The woman who has suffered tragic loss knows that there are things that come into our lives without our permission which are irredeemably ugly. There is no reconciliation with the sudden death of someone you can’t live without. You cannot put a happy face over the long, slow suffering which ends relationship in death. As hard as we try, we cannot make it right.
But someone always tells us to try.
In book studies, ministry gatherings, and all sorts of supportive gatherings for our mutual womanhood, we are constantly asked to expose our pain, replay our disappointments and hurts for one another. I wonder about the wisdom of these exercises. But the next step is where it gets really puzzling.
Poetic language is used to pretty up the tragic. Generic but hokey prettiness papers over the truly ugly. “Christ is transforming all….” we are told. We are clearly asked to live with the ugly by seeing something beautiful in it. Christ is changing ugliness into beauty? Scripture reference please?
Do we not realize that art can turn the evil into the picturesque? The snow-like ashes floating down from the smokestack of the concentration camp crematorium in the black-and white film. The twisted motorcycle on the ground and the shattered lens of the glasses. These images are symbols, substitutes for the horrible destruction because to see the real thing would make us gasp, shrink and scream.
But life is not art. We have to live with the real tragedy which nothing can redeem as beautiful. We have to look at the death, the cruelty, the crushing loss, usually without being able to comprehend the reasons. Some things are ugly and no mind game is going to change that. We must call ugly ugly, tragic tragic, and evil evil. We cannot confront them and resolve our attitude toward them if we fool ourselves about what they are.
How does that prettifying advice sound to the Rwandan women who watched their neighbors go insane one day and pull out machetes to kill everyone in their neighborhood? To the victim of childhood abuse? To any woman in the third world whose life is eaten up simply getting enough food for her family to get through another day?
I’ll tell you how: silly, privileged. Even I don’t have time to sit and worry about whether things are pretty.
Alright, I’ll play. We’ll skip over the Scripture search and allow that Jesus can change something ugly (we won’t define what we mean by ugly here) into something beautiful (we won’t define that either). I’m sure He can. But maybe a better question would be: how does Christ change ugly into beautiful?
The question is asked: when did Christ see something as beautiful when everyone else saw a mess? The answers are given: the woman at well, the woman about to be stoned. Everyone else saw an ugly sinner, but Jesus saw the real person and how valuable and beautiful she was. He affirmed her.
But that’s not what happened. He loved and valued her; that’s true. He loved her better than anyone ever had. He saw her infinitely intrinsic value, broken and marred. Her beauty flawed because of the choices she had embraced. It grieved him.

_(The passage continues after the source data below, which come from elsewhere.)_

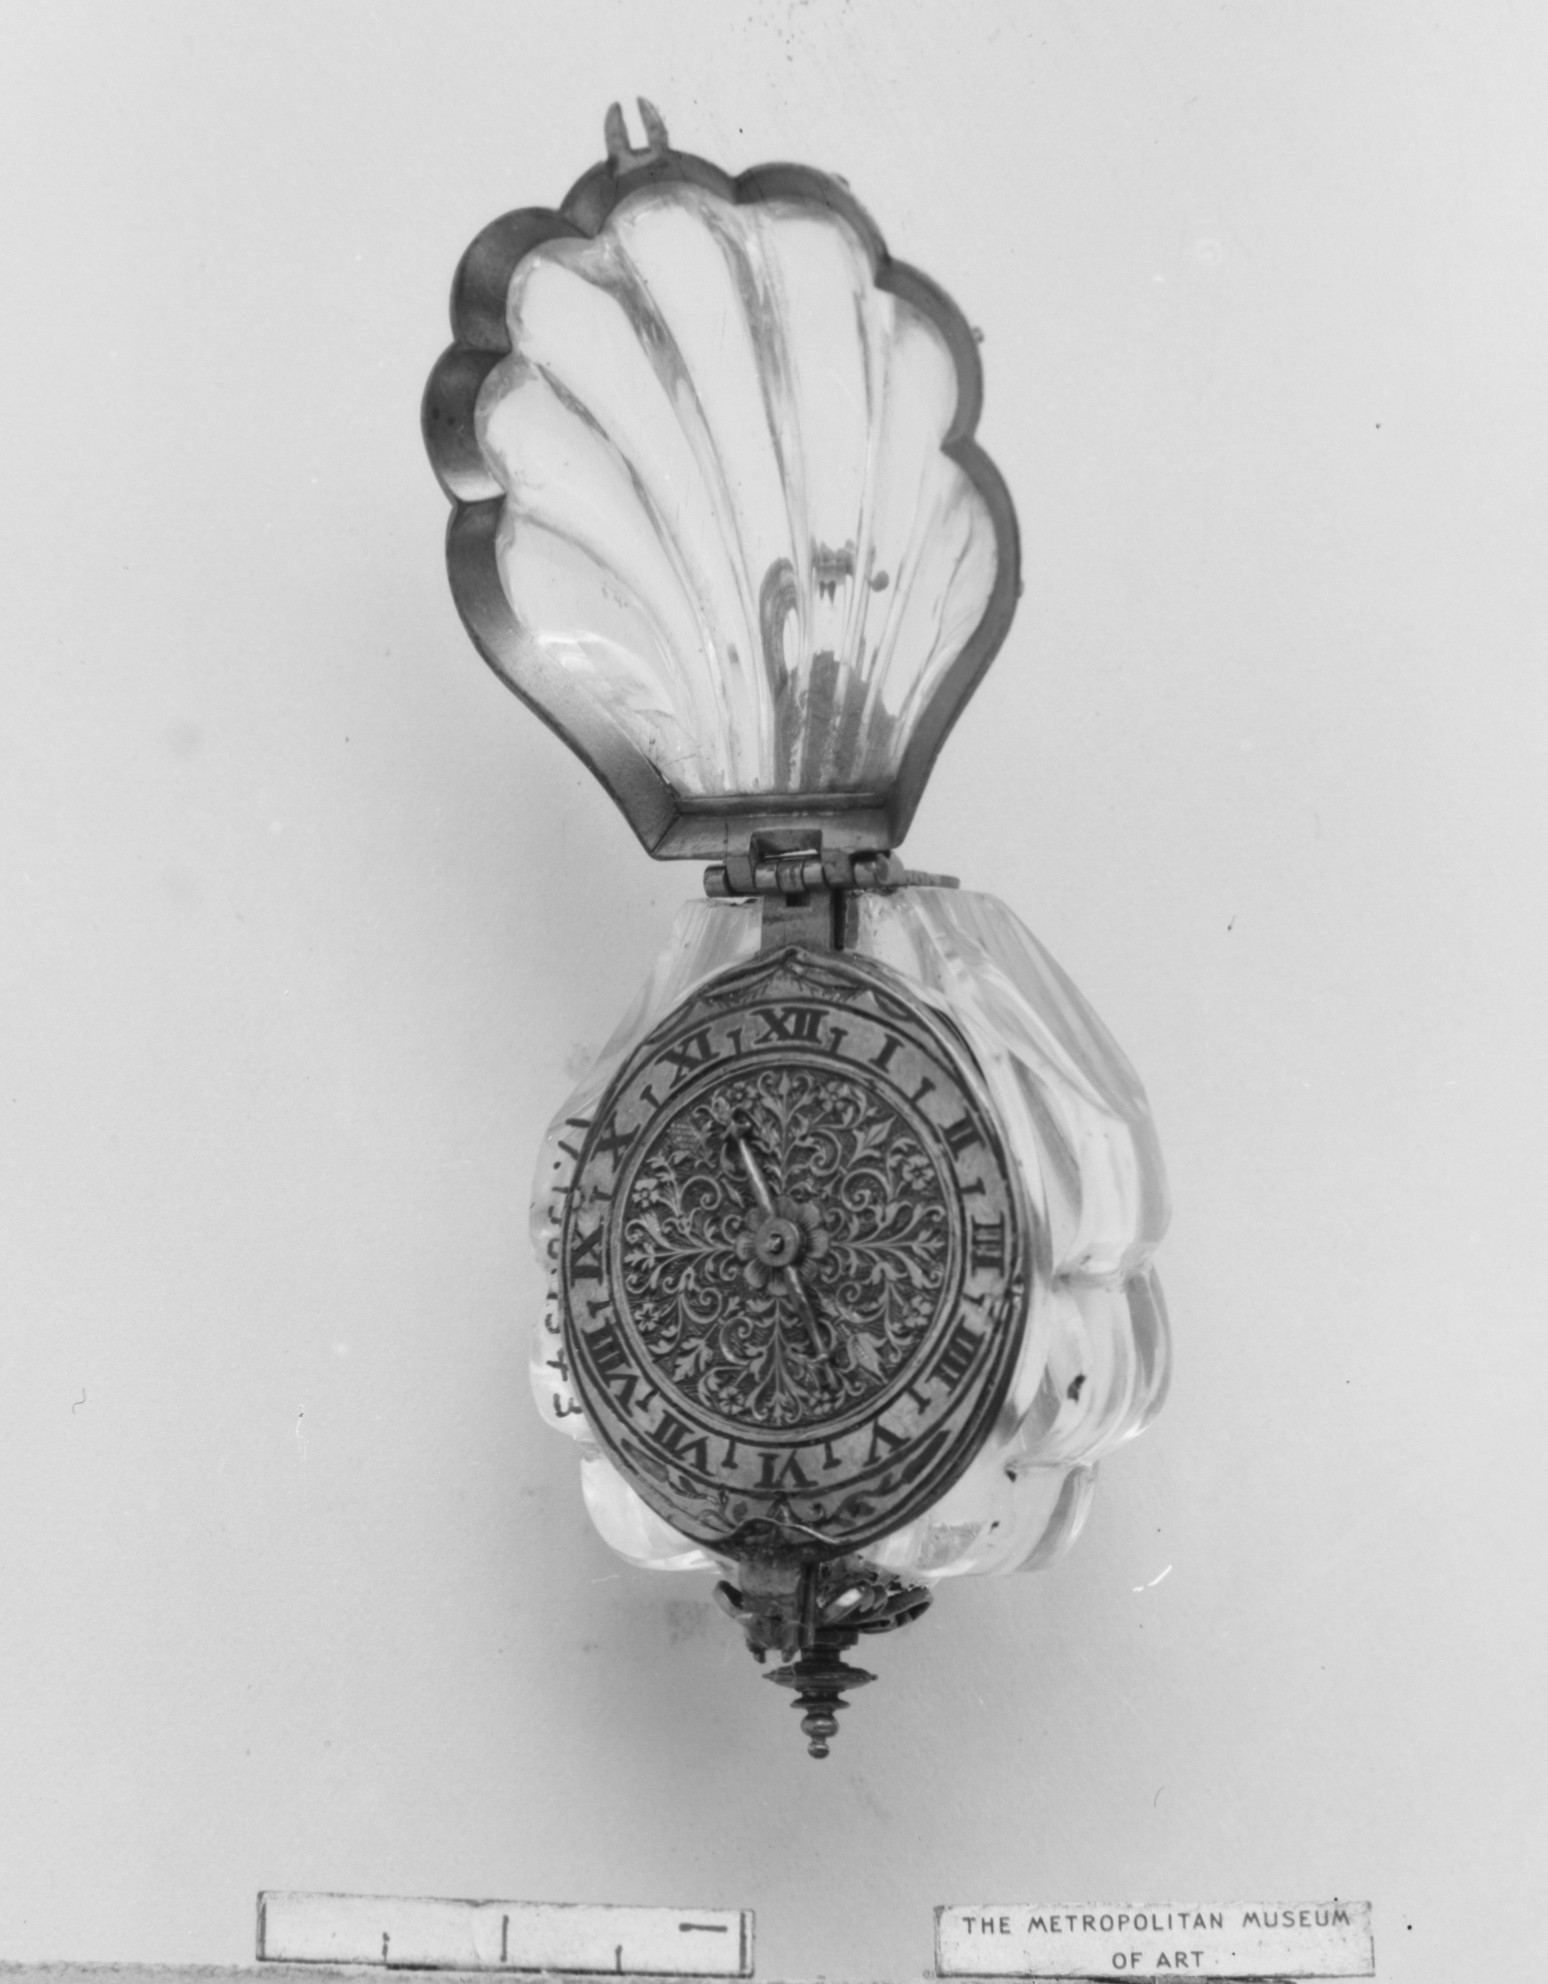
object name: watch
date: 1650
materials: metal, quartz
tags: shells
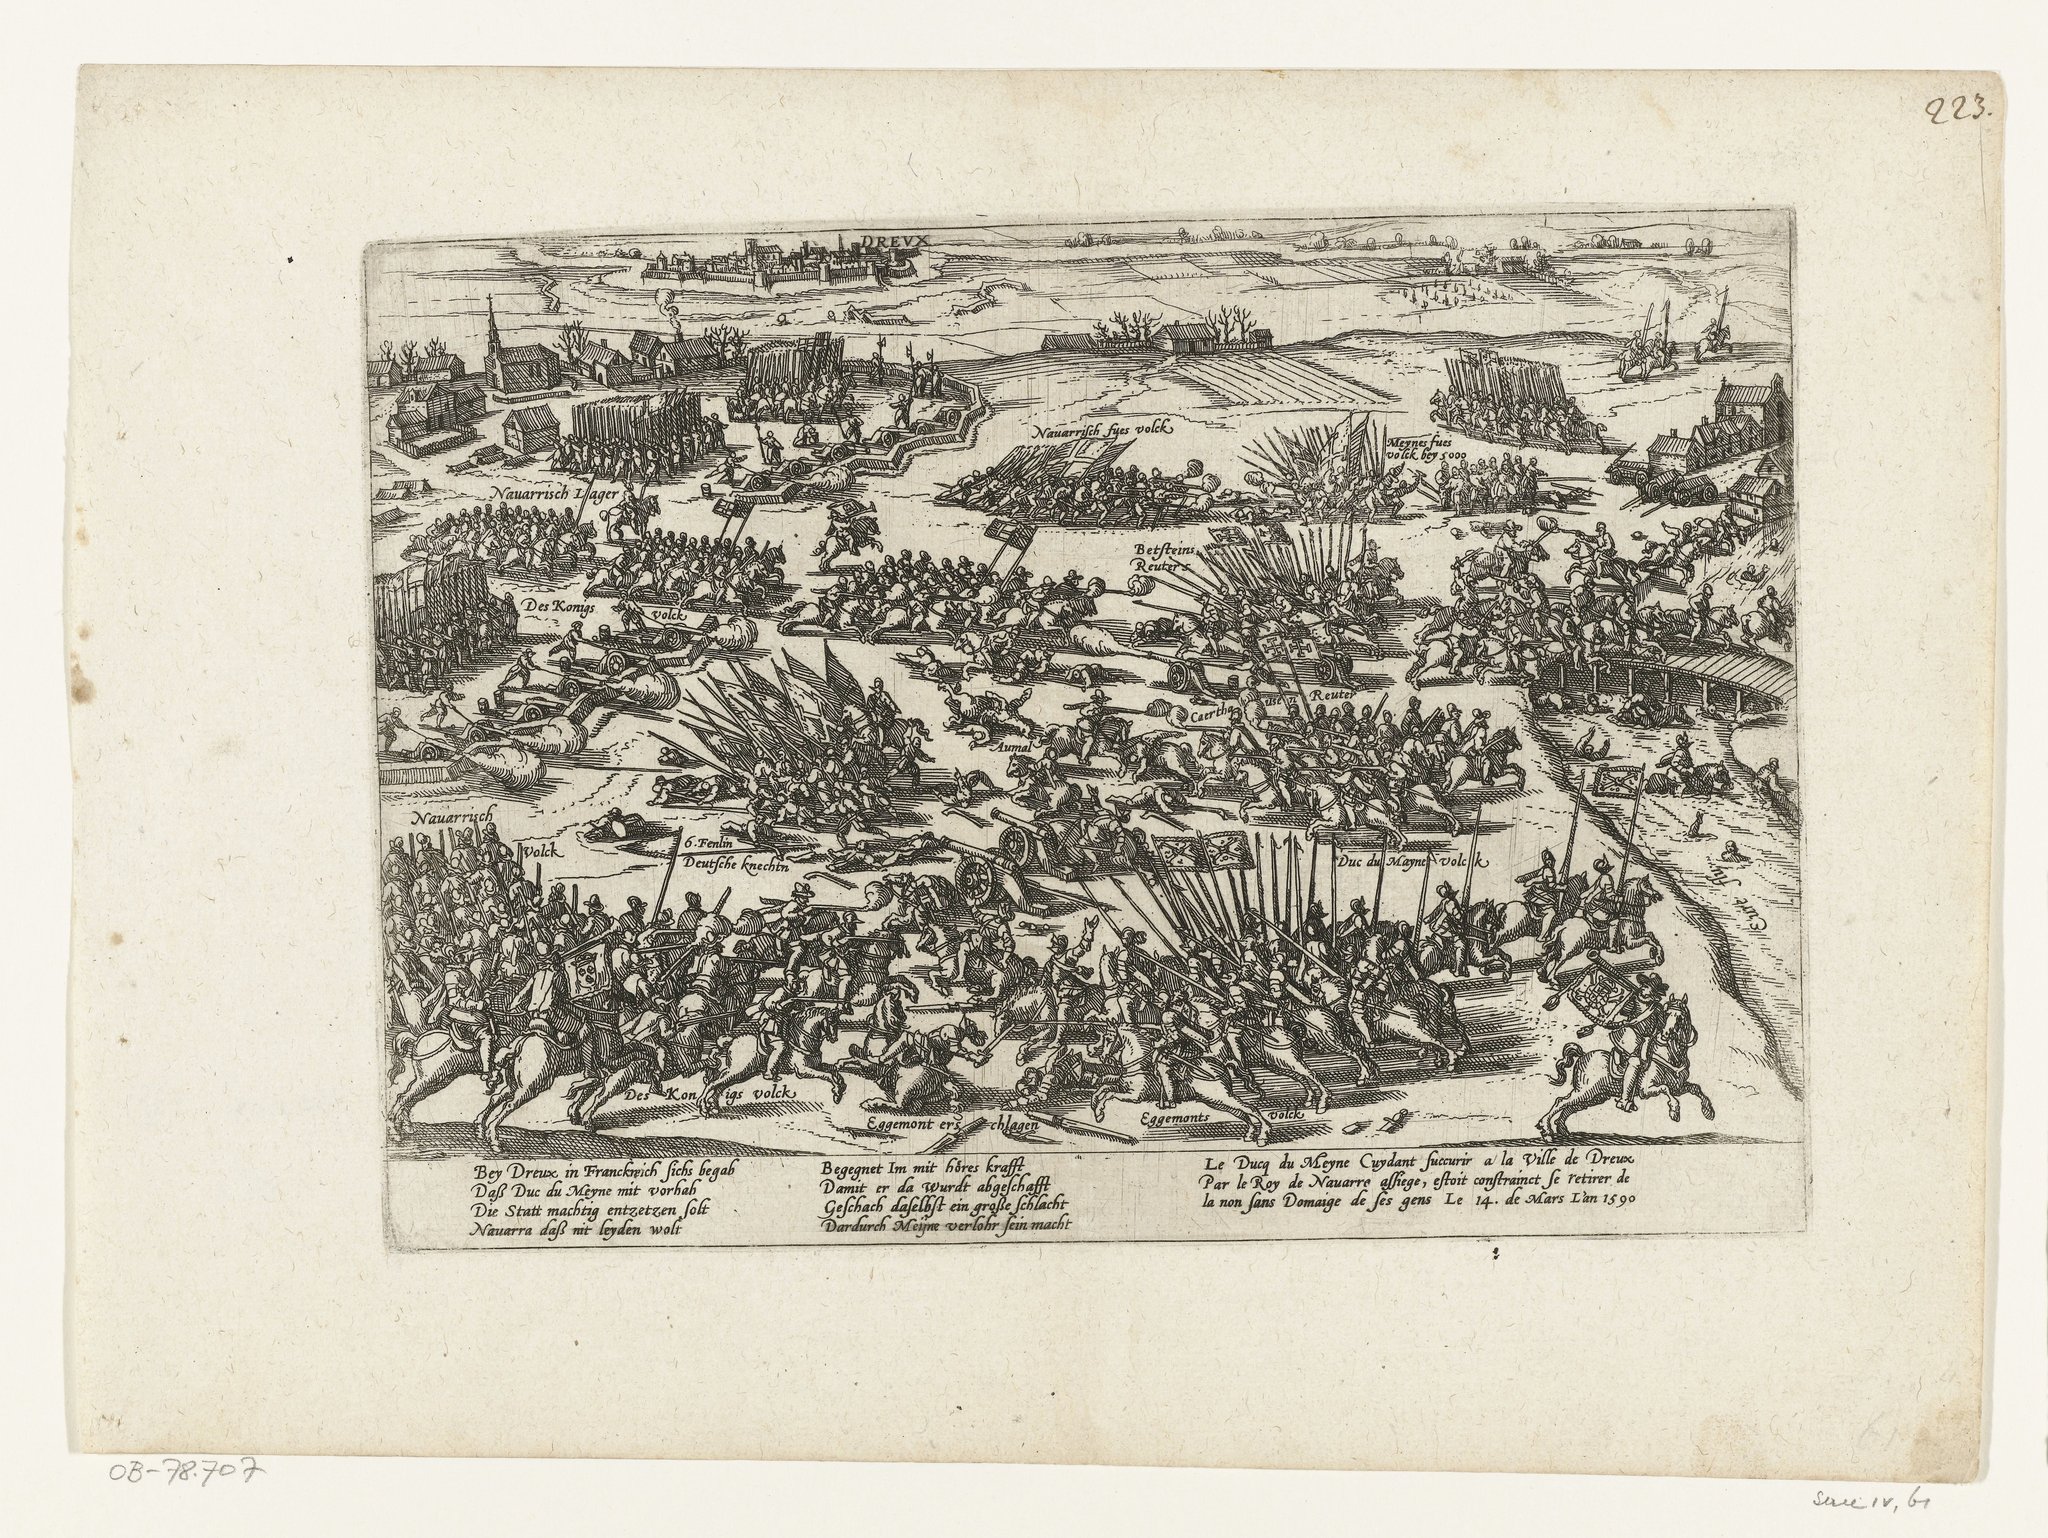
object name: print
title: Slag bij Ivry (Dreux), 1590
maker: frans hogenberg
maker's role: print maker, publisher
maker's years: 1538-1590
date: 1590-1592
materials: paper
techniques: etching
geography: cologne
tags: paris, hendrik iv (koning van frankrijk en navarra), battle, fighting in general
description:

Then, because he loved her, He did the only loving thing. He saw her sin, and named it sin. In order for transformation to happen, the woman had to agree that she was ugly and sinful. She had to want to disown her sin. She had to humble herself under his judgment and accept His remedy. Then there could be forgiveness, reconciliation, transformation. These women were told to leave their ugliness behind and sin no more. Then there was real beauty.
He did not dress ugly up and call it beautiful. He told her that He and sin could never be reconciled, and asked her to choose. He changed the truly ugly into something beautiful, as only He can. There is an important difference.
If there is beauty, we find it in spite of the ugliness. One doesn’t replace the other, or the distinction is lost.
The sloppy definition of “beauty” is a problem here. At first it means pretty, then it means popular or desirable. Then it means intrinsically valuable. Then it means righteous. Then it means an ugly thing in which I can somehow find some value anyway. Or something.
Should we value things on the basis of their beauty? We are called to something much better: discernment as to whether things are righteous, true, and holy; or evil, unrighteous and polluted. Discerning between the two poles, and all grades between, is absolutely essential. We are to answer the call to use the two weapons we have against deception: our critical thinking, and the indwelling Holy Spirit.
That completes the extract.